Segment Start: Excerpted data

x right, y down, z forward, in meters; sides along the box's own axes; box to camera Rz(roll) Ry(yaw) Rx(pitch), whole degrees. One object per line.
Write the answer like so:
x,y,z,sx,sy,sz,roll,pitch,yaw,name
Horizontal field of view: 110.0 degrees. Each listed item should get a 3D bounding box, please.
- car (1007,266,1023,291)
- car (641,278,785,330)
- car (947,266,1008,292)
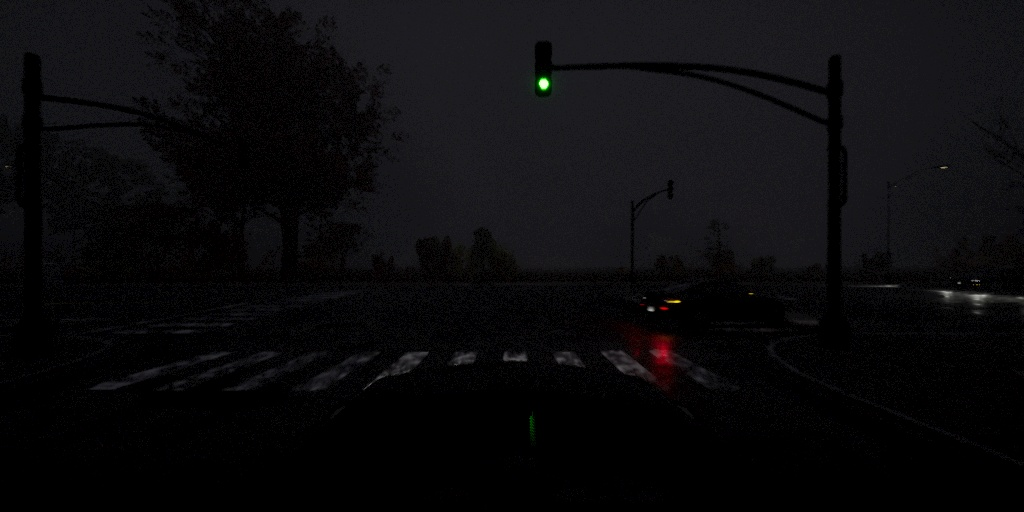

Segment End: Excerpted data

- **Exercise aim**:
If pictures appear in the data, omit them and copy all other parts exactly.

- **Solution to this task**:
x right, y down, z forward, in meters; sides along the box's own axes; box to camera Rz(roll) Ry(yaw) Rx(pitch), whole degrees. One object per line.
Write the answer like so:
x,y,z,sx,sy,sz,roll,pitch,yaw,name
Horizontal field of view: 110.0 degrees. Each listed item should get a 3D bounding box, please.
- car (1007,266,1023,291)
- car (641,278,785,330)
- car (947,266,1008,292)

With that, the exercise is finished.